In general the tiny model works fine for most applications but you can always edit the yava.yml file and change the model.

STT models have several attributes …

  • Transcription Speed

  • Transcription Accuracy

  • Memory Consumption

To change the model simply change the Recognizer:ModelName value in the yava.yml file. In the output below, the value is set to small.en.

Recognizer:
  # vad mode controls silence
  # detection sensitivity.
  # 1=loose, 3=tight
  VadMode: 1

  # least number of bytes required to
  # be considered a valid utterance
  # warning, too short and you will
  # things like 'stop' and 'up'
  MinUtteranceBytes: 9600

  # the whisper model
  ModelName: 'small.en'

  # how long to allow the transcriber to

Supported values are

  • tiny

  • tiny.en

  • base

  • base.en

  • small

  • small.en

  • medium

  • medium.en

  • large

  • large-v2

Microphone Issues

Another source of pain if often the microphone level. If you are running a desktop you can simply use the toolbar to set your microphone level, however, on headless systems you need to use the command line.

The amixer command does not always set the microphone level correctly but the pacmd utility seems to work well when present. There are two helpful files in the test/ subdirectory. They allow you to set and get the microphone level using the pacmd command.

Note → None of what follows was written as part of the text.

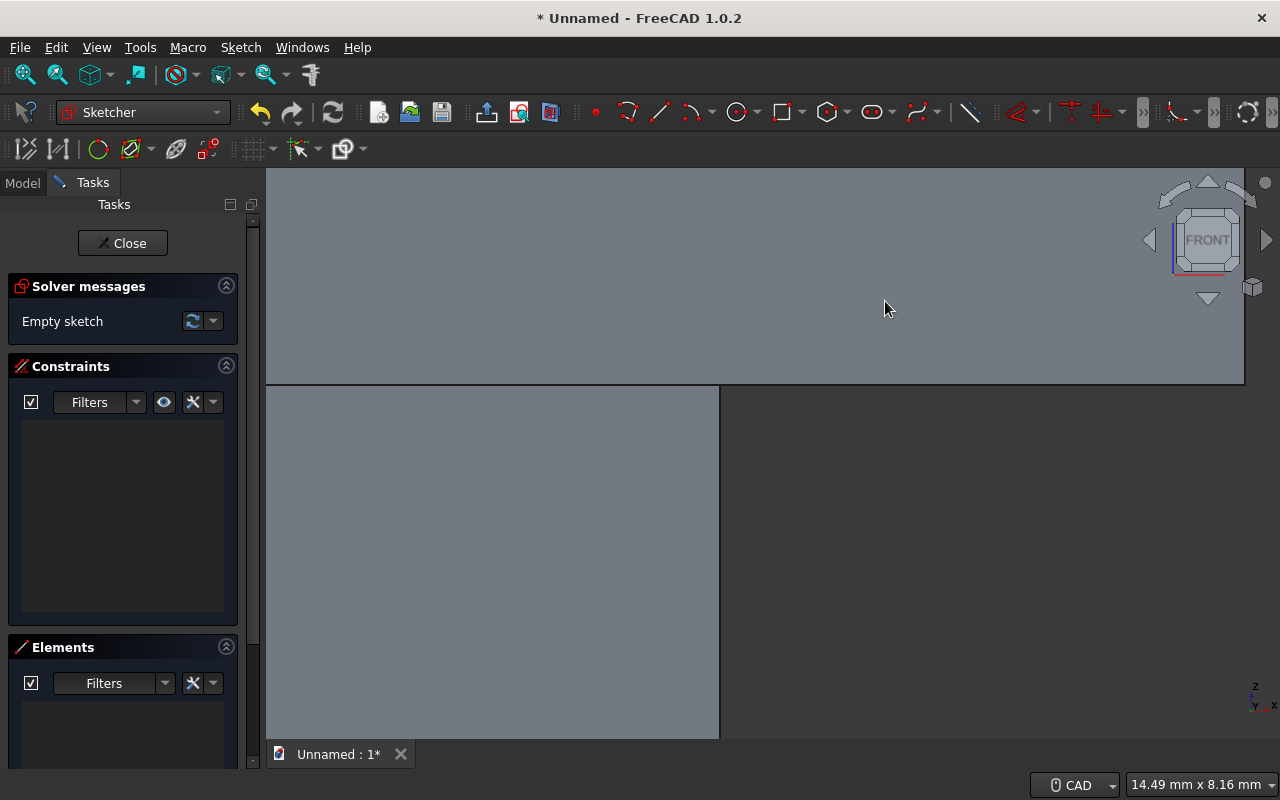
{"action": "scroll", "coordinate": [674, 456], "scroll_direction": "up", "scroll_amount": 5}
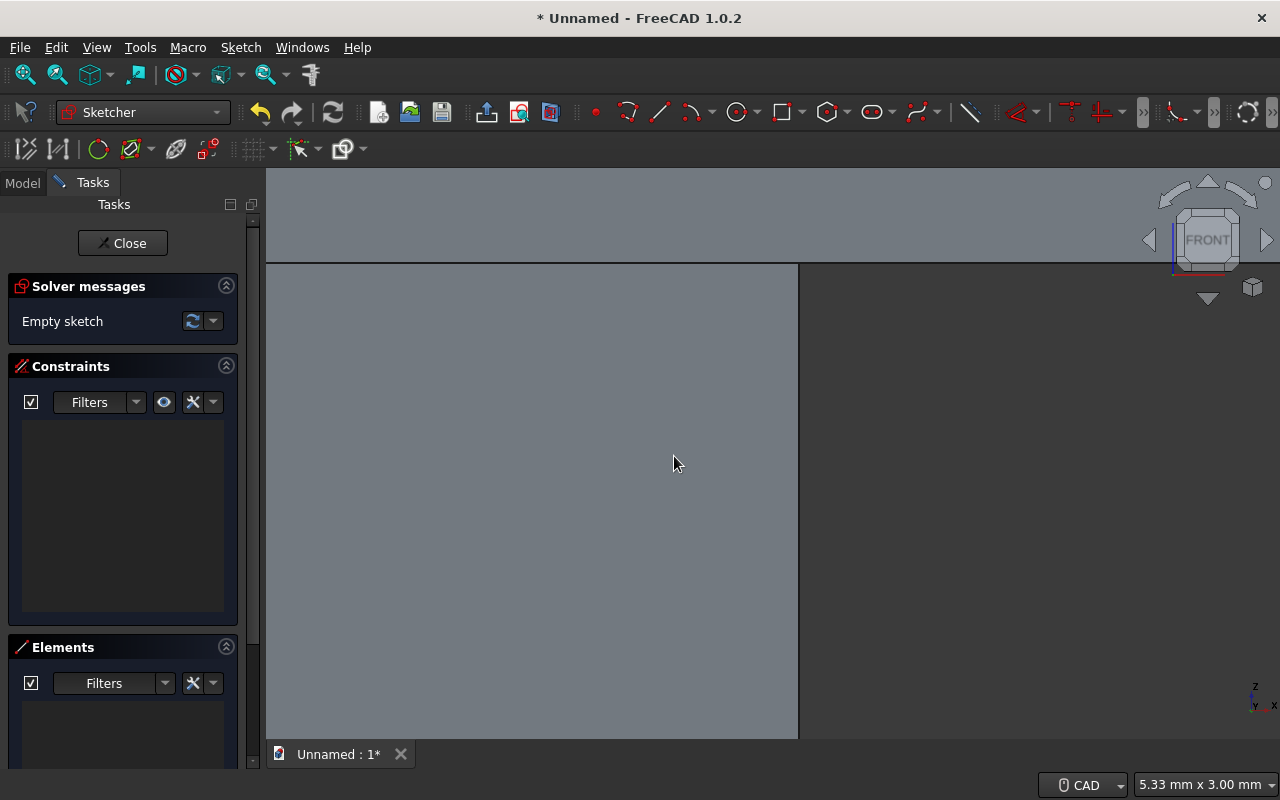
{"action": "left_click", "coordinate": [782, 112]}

$ python test/get_mic_pacmd.py
32127

$ python test/set_mic_pacmd.py 65000

$ python test/get_mic_pacmd.py
65000

You should set the microphone to around 32000 and then run the recognizer (./framework/services/recognizer/recognizer.sh) and see how well your voice is being recognized. You can either stop the recognizer and then set the volume and rerun the recognizer or you can open a second terminal and change the volume while the recognizer is running in the first terminal.